Я откинулась назад, ошеломленный. Они говорили мне, что я делаю — что нужно делать. Но я так и не довела это до логического конца.
Я стану ракушкой. Оболочкой. Я…
Моя паника прерывается, когда в каюту вплывает Вентрис с двумя воинами на буксире. Его присутствие напоминает мне, что он мог подслушивать наш разговор все это время. И хотя Илрит сказал, что это пространство должно быть безопасным, сама мысль о том, что он знает о моей семье, о Чарльзе, о моих страхах и всех тех уродливых и скрытых частях меня, которые я хотела показать только Илриту, была бы нарушением, которого я никогда не прощу Вентрису.
Тем не менее, наши с Илритом руки все время соприкасались. Возможно, это не было случайностью или сладостным чувством со стороны Илрита — она пыталась обеспечить приватность наших бесед. Он переместился прежде, чем Вентрис успел заметить контакт.
— Надеюсь, твоя медитация прошла успешно. Пришло время для следующего раунда меток перед Бездной, — объявляет Вентрис. Воины движутся вперед.
Я настороженно смотрю им вслед. Каждый раз, когда одна из этих сирен приходит, чтобы помазать меня... мне придется отдавать все больше и больше себя. Скоро от меня ничего не останется. Я хочу уплыть. Взять Илрита за руку и сказать ему, чтобы он бежал со мной.
Впервые за долгое время мне хочется бежать.
Но это долг, который я принял. Такова клятва, которую я дала. Я не могу бежать, не сейчас. Возможно, я не вспомню о своей семье, когда придет время. Но я все равно отдам свою жизнь, чтобы защитить их. Я отдам все, чтобы они все были в безопасности.
Я отталкиваюсь от перил балкона. Краем глаза я вижу покорное, печальное выражение лица Илрита.
— Я готова.
Вентрис подходит с благоговением. Впервые мне кажется, что он действительно воспринимает меня как священную личность. Его глаза опущены. Он идет целеустремленно, кланяясь перед тем, как подойти.

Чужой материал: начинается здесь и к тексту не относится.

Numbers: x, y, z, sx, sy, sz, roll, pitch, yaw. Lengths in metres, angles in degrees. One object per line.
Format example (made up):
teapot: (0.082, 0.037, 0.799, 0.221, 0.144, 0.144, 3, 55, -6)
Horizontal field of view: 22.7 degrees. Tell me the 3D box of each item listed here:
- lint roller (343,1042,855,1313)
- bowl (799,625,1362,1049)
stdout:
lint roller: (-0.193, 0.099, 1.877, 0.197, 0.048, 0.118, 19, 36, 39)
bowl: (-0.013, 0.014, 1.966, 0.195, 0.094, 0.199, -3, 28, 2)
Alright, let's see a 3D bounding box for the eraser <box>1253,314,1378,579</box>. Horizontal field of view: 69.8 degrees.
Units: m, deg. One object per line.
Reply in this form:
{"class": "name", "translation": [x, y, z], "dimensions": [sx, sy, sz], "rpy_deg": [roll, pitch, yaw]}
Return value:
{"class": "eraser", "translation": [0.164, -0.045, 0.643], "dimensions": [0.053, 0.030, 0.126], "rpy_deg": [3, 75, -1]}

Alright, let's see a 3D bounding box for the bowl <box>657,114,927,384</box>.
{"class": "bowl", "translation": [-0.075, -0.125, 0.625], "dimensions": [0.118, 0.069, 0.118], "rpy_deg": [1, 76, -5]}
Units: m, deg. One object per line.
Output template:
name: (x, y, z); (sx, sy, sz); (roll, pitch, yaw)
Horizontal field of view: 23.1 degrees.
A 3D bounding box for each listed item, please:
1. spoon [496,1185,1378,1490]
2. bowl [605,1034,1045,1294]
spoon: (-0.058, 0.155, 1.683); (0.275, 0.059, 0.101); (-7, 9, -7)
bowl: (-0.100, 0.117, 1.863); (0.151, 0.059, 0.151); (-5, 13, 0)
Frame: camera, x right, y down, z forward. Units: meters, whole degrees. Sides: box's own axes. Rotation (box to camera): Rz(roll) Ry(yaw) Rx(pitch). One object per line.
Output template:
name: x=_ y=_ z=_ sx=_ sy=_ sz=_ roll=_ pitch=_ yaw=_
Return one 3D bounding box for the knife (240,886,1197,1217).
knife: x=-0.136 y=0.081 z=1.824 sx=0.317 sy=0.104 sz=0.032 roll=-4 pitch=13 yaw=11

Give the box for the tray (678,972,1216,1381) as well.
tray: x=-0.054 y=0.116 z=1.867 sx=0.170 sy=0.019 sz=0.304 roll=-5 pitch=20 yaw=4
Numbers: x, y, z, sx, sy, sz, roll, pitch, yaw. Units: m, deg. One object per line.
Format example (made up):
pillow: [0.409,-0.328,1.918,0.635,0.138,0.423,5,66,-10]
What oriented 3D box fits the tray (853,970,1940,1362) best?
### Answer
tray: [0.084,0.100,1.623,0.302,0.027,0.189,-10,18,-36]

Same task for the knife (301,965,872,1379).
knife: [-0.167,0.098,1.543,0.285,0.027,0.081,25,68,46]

Как и в усадьбе, я отмечена на всех видимых участках своей плоти. Я представляю, что к тому времени, когда меня принесут в жертву Крокану, я буду больше рисунком, чем голой кожей. Красивая оболочка. Несмотря на то, что метку ставит Вентрис, а воины присутствуют, склонив головы в знак почтения, я замечаю только Илрита.
Он переместился за плечо Вентриса и пристально наблюдает за ним. Его широкая грудь вздымается и опускается, как будто дыхание затруднено. Выражение его лица замкнуто, мышцы напряжены.
Илрит выглядит почти... встревоженным? Испуганным? Отстраненным? Я не совсем понимаю, что именно и почему, но я слегка наклоняю голову, чтобы поймать его взгляд и слегка улыбнуться. Пытаюсь сказать ему одним только выражением лица, что со мной все в порядке, не стоит беспокоиться.